Shape optimization of peristaltic pumps transporting rigid particles in Stokes flow

TL;DR

This paper introduces a computational method for optimizing the shape of peristaltic pumps that transport rigid particles in Stokes flow, minimizing energy dissipation while meeting specific transport criteria.

Contribution

It develops a boundary integral-based shape optimization framework leveraging flow linearity to efficiently compute shape sensitivities for multiphase flows.

Findings

Validated shape derivative formulas against finite differences.

Demonstrated optimal pump shapes under various constraints.

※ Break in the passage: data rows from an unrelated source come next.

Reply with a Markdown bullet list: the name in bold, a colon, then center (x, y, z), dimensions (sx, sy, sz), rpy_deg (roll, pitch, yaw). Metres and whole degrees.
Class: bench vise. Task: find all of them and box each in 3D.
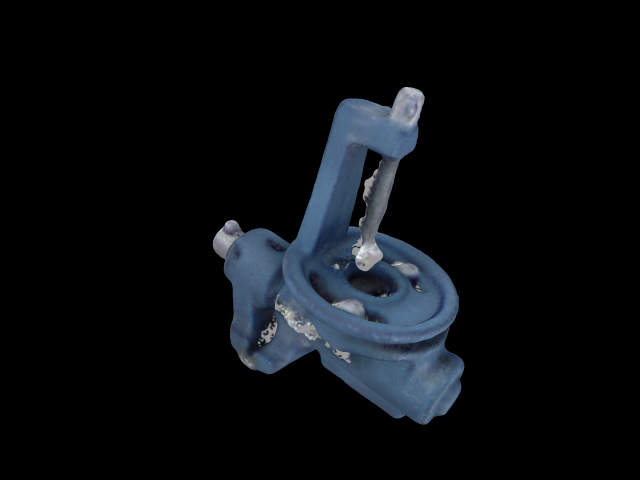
- **bench vise**: center (0.000, 0.006, 0.390), dimensions (0.207, 0.220, 0.122), rpy_deg (7, 23, 17)
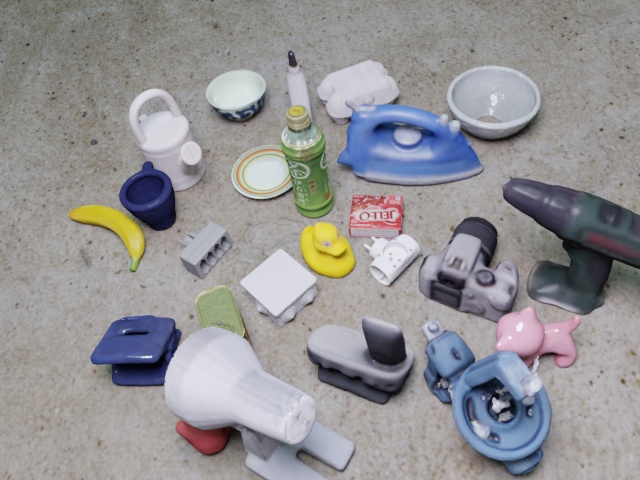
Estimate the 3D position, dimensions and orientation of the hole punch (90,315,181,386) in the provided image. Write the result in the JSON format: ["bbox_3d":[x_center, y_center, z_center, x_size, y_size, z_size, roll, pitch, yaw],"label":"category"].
[{"bbox_3d":[-0.273,0.155,0.853,0.108,0.091,0.101,-3,55,6],"label":"hole punch"}]

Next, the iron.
[{"bbox_3d":[0.160,-0.182,1.001,0.257,0.142,0.118,7,56,12],"label":"iron"}]

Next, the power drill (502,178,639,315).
[{"bbox_3d":[0.355,0.014,0.797,0.229,0.209,0.076,17,59,19],"label":"power drill"}]

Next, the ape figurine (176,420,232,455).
[{"bbox_3d":[-0.160,0.245,0.775,0.078,0.092,0.076,-10,54,0],"label":"ape figurine"}]

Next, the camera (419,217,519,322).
[{"bbox_3d":[0.237,0.032,0.866,0.142,0.101,0.137,20,60,20],"label":"camera"}]

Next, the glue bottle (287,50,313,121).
[{"bbox_3d":[-0.042,-0.285,1.081,0.037,0.173,0.078,-11,54,0],"label":"glue bottle"}]

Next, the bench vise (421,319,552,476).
[{"bbox_3d":[0.190,0.177,0.697,0.206,0.220,0.122,32,65,26],"label":"bench vise"}]

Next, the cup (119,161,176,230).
[{"bbox_3d":[-0.294,-0.072,1.014,0.091,0.095,0.117,-11,54,0],"label":"cup"}]

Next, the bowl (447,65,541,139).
[{"bbox_3d":[0.317,-0.243,1.065,0.167,0.075,0.167,-4,55,5],"label":"bowl"}]

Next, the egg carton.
[{"bbox_3d":[0.076,-0.293,1.135,0.150,0.069,0.107,-22,55,-8],"label":"egg carton"}]

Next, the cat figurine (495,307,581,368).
[{"bbox_3d":[0.292,0.129,0.780,0.128,0.118,0.067,-10,54,1],"label":"cat figurine"}]

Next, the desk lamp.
[{"bbox_3d":[-0.069,0.216,0.708,0.202,0.214,0.118,22,61,22],"label":"desk lamp"}]

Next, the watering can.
[{"bbox_3d":[-0.273,-0.184,1.028,0.172,0.194,0.101,16,59,18],"label":"watering can"}]

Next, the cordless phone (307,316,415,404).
[{"bbox_3d":[0.051,0.134,0.767,0.147,0.185,0.094,13,58,16],"label":"cordless phone"}]

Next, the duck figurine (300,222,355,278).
[{"bbox_3d":[0.009,0.003,0.926,0.078,0.086,0.104,-40,59,-19],"label":"duck figurine"}]

Achieved efficient shape optimization using boundary integral methods.

Abstract

This paper presents a computational approach for finding the optimal shapes of peristaltic pumps transporting rigid particles in Stokes flow. In particular, we consider shapes that minimize the rate of energy dissipation while pumping a prescribed volume of fluid, number of particles and/or distance traversed by the particles over a set time period. Our approach relies on a recently developed fast and accurate boundary integral solver for simulating multiphase flows through periodic geometries of arbitrary shapes. In order to fully capitalize on the dimensionality reduction feature of the boundary integral methods, shape sensitivities must ideally involve evaluating the physical variables on the particle or pump boundaries only. We show that this can indeed be accomplished owing to the linearity of Stokes flow. The forward problem solves for the particle motion in a slip-driven pipe flow while the adjoint problems in our construction solve quasi-static Dirichlet boundary value problems backwards in time, retracing the particle evolution. The shape sensitivities simply depend on the solution of one forward and one adjoint (for each shape functional) problems. We validate these analytic shape derivative formulas by comparing against finite-difference based gradients and present several examples showcasing optimal pump shapes under various constraints.